You missed the code section:

if (list.length <= 1) {

return list;

}

This is important to stop the recursive path.

Thanks for you inputs. it clear and easy to understand. but in mergeSort method we are always creating new arrays for first,second these will be created each time in recursion happened. this will more costly(less performance).
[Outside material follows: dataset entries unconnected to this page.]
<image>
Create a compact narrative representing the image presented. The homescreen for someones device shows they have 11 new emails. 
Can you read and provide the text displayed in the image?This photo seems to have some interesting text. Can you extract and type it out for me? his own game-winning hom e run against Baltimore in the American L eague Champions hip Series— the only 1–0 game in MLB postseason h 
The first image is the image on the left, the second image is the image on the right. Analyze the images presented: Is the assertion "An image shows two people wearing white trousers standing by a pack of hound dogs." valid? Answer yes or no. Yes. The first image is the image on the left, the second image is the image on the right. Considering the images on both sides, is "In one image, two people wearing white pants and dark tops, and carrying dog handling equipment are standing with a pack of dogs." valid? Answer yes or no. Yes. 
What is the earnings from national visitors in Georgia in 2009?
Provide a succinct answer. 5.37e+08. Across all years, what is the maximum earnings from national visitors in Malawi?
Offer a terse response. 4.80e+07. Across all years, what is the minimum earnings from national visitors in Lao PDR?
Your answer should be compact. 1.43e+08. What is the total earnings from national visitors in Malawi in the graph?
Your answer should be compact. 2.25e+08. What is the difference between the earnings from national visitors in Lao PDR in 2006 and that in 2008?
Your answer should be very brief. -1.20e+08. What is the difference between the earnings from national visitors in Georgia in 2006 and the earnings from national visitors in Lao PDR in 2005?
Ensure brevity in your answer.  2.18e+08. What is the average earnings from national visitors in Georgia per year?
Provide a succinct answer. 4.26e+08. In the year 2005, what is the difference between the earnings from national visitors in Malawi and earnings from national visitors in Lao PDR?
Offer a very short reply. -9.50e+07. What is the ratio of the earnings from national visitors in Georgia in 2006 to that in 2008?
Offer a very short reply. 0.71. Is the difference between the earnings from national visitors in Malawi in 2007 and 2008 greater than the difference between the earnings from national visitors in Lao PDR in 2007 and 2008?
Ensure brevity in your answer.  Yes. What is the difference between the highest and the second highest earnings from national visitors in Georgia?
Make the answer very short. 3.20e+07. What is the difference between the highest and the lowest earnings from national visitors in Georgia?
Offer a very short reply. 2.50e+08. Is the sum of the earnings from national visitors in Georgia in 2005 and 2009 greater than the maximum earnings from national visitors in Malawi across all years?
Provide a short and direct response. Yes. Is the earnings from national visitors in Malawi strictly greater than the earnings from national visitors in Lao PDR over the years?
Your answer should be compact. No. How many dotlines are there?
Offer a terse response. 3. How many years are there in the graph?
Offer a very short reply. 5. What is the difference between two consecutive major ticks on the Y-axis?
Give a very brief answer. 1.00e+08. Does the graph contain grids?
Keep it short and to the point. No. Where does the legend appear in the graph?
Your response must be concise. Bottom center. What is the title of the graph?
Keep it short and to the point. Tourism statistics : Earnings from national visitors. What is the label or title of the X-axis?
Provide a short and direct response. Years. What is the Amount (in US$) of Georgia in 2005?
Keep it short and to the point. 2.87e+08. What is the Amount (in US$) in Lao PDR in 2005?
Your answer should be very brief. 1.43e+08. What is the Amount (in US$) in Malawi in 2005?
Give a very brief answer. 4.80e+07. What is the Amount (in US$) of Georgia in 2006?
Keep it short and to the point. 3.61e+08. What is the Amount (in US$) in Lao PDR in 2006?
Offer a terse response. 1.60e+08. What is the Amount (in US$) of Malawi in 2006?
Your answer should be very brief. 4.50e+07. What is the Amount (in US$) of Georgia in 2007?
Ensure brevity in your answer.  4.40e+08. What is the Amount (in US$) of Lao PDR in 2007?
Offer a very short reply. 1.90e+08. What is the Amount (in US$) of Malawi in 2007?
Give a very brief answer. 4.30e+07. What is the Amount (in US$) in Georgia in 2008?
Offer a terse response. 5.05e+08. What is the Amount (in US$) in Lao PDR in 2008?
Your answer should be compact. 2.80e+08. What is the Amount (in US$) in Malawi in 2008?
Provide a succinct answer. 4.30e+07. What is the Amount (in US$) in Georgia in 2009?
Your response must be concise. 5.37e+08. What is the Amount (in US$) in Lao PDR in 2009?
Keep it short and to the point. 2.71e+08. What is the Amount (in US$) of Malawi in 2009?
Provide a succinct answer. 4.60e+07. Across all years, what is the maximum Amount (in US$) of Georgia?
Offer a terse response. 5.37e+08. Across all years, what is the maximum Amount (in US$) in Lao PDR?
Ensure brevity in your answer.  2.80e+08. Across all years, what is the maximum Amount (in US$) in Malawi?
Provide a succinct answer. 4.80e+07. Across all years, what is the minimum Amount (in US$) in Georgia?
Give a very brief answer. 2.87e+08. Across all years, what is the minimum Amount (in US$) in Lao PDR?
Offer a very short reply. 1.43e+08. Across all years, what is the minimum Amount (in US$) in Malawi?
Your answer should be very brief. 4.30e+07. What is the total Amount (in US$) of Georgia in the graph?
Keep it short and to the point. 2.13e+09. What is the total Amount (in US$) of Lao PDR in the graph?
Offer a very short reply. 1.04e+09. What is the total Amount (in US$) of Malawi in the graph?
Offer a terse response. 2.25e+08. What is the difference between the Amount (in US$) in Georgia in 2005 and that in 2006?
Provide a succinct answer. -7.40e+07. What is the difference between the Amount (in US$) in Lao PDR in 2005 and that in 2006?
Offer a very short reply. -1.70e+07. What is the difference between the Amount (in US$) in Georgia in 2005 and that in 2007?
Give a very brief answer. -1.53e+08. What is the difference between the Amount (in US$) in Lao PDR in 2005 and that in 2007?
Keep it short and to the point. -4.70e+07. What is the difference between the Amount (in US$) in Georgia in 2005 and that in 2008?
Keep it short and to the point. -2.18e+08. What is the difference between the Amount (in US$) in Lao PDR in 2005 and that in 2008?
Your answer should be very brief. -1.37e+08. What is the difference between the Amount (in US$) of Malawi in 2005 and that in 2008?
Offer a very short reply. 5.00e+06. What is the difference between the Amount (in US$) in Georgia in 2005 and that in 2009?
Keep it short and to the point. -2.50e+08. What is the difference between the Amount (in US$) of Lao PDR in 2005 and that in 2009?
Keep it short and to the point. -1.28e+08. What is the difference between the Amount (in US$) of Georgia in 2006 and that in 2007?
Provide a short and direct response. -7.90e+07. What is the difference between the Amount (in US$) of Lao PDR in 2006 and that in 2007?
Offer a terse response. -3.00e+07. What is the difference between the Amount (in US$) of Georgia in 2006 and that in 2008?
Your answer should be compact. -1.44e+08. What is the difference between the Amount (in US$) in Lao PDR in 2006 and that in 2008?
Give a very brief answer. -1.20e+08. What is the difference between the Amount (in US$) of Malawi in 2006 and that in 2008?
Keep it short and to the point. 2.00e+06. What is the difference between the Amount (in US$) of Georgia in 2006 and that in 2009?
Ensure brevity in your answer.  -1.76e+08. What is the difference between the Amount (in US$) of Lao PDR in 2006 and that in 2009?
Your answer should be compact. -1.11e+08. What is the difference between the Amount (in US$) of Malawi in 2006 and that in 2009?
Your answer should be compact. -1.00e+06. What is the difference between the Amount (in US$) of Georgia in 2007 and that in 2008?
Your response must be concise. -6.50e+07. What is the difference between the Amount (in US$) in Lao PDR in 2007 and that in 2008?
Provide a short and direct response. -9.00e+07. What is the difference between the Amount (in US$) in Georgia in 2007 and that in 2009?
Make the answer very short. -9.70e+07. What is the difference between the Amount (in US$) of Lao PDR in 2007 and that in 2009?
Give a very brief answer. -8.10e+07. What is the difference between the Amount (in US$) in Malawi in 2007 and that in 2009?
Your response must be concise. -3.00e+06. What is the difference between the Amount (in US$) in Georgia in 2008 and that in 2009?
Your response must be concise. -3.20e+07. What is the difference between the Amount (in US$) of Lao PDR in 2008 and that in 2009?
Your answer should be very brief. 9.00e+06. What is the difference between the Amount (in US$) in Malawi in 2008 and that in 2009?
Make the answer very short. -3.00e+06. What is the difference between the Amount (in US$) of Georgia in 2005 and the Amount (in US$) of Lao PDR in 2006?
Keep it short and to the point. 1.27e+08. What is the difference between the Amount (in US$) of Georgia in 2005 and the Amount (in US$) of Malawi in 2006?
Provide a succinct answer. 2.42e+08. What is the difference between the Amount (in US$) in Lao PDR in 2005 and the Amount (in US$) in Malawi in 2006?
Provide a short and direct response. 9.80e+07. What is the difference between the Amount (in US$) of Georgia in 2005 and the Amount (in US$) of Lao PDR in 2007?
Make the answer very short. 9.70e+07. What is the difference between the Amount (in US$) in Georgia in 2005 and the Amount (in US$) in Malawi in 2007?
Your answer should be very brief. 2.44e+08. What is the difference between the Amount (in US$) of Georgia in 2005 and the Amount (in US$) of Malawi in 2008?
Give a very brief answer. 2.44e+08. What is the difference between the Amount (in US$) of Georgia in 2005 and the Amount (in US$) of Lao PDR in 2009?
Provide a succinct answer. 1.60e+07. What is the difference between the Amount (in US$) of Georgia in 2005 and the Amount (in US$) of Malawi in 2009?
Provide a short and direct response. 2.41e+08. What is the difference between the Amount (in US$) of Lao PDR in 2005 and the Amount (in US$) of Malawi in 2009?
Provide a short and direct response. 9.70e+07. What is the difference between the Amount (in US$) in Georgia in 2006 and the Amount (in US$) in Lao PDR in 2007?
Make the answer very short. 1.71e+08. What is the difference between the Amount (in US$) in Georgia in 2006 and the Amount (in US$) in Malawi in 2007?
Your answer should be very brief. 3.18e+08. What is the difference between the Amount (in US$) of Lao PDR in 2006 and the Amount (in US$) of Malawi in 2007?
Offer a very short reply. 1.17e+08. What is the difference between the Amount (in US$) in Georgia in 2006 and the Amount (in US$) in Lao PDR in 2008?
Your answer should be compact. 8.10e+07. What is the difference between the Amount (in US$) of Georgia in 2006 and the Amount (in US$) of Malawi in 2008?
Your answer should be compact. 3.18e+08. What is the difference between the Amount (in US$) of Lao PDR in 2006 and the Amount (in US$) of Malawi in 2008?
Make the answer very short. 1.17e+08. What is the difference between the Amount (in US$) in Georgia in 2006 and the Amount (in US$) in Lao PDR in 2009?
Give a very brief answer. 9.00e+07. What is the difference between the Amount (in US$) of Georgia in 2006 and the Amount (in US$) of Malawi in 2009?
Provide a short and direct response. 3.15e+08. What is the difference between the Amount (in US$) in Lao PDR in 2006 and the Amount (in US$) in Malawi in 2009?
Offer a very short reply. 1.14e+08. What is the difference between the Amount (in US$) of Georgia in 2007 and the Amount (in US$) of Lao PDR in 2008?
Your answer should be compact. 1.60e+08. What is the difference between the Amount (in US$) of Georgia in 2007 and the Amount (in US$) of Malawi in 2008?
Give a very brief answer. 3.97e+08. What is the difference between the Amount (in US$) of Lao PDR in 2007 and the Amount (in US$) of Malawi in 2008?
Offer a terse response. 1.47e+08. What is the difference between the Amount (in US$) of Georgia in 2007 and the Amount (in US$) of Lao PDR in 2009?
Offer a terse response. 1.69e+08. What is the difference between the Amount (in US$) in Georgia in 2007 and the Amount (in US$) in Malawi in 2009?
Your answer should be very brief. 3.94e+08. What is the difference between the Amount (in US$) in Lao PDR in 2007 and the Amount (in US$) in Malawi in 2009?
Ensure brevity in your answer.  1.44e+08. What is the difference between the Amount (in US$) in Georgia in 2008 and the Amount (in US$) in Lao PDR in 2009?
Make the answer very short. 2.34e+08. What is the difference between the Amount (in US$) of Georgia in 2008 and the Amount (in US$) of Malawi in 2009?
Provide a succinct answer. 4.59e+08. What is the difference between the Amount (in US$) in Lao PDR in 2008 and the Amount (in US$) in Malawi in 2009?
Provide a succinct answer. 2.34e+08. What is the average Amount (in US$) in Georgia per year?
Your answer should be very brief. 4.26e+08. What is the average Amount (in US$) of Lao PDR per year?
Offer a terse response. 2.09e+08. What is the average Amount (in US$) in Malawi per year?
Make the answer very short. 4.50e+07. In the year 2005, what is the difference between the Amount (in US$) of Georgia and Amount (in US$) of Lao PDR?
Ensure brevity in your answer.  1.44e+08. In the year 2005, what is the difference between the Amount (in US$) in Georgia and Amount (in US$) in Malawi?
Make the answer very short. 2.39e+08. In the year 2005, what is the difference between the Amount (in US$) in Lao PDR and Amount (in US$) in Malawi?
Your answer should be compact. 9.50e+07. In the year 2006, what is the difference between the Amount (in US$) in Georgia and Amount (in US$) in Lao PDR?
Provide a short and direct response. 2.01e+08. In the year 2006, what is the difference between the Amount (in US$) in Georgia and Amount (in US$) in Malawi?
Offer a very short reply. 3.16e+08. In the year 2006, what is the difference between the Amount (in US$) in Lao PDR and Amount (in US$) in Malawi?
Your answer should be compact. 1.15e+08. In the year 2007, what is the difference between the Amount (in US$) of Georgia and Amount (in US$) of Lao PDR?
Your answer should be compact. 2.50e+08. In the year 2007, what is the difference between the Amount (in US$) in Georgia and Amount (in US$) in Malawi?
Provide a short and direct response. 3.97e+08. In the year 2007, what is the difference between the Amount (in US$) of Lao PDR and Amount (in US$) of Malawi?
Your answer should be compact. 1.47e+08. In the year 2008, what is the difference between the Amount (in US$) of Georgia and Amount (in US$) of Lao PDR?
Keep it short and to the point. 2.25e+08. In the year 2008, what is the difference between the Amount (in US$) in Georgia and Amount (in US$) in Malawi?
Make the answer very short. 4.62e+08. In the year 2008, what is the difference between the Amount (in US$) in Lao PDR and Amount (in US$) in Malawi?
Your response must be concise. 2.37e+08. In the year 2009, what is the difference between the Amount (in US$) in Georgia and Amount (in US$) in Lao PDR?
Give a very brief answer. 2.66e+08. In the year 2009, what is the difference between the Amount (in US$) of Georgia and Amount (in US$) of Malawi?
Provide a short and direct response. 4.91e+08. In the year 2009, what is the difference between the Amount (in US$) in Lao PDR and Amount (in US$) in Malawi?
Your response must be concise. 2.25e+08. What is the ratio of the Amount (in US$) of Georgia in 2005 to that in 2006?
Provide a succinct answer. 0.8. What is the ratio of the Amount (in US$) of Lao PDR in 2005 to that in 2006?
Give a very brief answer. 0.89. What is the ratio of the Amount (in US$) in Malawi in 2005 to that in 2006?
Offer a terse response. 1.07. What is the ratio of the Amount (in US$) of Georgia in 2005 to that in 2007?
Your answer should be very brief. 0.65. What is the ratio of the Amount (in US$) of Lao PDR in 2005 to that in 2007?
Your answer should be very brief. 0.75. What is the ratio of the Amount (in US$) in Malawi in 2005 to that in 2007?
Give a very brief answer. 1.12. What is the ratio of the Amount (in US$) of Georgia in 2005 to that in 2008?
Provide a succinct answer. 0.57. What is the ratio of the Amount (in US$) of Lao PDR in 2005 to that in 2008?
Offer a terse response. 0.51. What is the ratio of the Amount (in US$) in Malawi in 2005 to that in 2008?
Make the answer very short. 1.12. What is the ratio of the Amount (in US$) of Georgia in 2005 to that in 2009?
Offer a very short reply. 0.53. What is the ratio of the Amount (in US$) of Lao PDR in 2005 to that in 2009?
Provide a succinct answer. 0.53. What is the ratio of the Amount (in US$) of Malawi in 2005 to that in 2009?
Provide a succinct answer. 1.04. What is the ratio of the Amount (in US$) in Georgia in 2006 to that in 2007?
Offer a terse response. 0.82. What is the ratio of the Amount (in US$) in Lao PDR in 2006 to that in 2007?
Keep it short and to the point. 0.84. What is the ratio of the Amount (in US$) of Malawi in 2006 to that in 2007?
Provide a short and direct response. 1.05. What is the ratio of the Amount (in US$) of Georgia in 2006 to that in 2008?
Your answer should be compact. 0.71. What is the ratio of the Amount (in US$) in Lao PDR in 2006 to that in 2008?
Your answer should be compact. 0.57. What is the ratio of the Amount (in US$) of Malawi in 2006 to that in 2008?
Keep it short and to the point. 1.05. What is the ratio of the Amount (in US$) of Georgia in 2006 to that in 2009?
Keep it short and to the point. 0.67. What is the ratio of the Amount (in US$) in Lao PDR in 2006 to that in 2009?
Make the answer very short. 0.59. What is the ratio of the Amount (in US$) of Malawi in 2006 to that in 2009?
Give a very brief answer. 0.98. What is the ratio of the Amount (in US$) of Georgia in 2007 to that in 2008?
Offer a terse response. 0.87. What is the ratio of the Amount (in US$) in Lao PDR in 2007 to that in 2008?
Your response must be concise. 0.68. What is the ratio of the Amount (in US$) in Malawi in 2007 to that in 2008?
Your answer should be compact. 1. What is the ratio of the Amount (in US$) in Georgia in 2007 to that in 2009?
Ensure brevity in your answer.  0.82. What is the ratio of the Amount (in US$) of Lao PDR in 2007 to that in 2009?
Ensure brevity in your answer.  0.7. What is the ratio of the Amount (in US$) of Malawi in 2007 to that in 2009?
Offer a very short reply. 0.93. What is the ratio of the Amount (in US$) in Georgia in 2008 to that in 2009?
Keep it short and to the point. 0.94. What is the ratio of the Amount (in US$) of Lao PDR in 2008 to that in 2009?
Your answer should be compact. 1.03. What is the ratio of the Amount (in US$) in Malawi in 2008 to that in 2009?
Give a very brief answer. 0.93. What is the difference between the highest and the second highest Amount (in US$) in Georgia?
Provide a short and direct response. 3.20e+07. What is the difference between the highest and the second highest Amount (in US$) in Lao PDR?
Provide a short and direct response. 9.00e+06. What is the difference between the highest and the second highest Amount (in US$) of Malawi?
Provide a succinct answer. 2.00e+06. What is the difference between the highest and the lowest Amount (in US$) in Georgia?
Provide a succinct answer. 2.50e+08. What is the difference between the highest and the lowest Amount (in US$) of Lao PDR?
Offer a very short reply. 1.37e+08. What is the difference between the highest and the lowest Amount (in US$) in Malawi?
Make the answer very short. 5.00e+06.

I think there are other ways to do the sorting without creating the arrays each time by passing the indexes. refer http://www.java2novice.com/java-sorting-algorithms/merge-sort/. but it will be more difficult to understand compared to this Tutorial.

doesn’t seems to work 🙂

//copy remaining elements from both halves – each half will have already sorted elements

System.arraycopy(first, iFirst, result, iMerged, first.length – iFirst);

System.arraycopy(second, iSecond, result, iMerged, second.length – iSecond);

while copying you are starting both with index=iMerged, so it will overwrite. no?

Thansk for your post, but since result already have the sorted elements in the merge function, why still need these below steps?

System.arraycopy(first, iFirst, result, iMerged, first.length – iFirst);

System.arraycopy(second, iSecond, result, iMerged, second.length – iSecond);

I have written explanation in comments.

Hi Lokesh,

Thanks for all tutorial. They are very helpful.

Description, diagrammatic explanation of mergesort and code are different.

It’s bottom up mergesort in diagram and in code it’s top down mergesort in code.

Sorry for comment’s got misunderstood initially.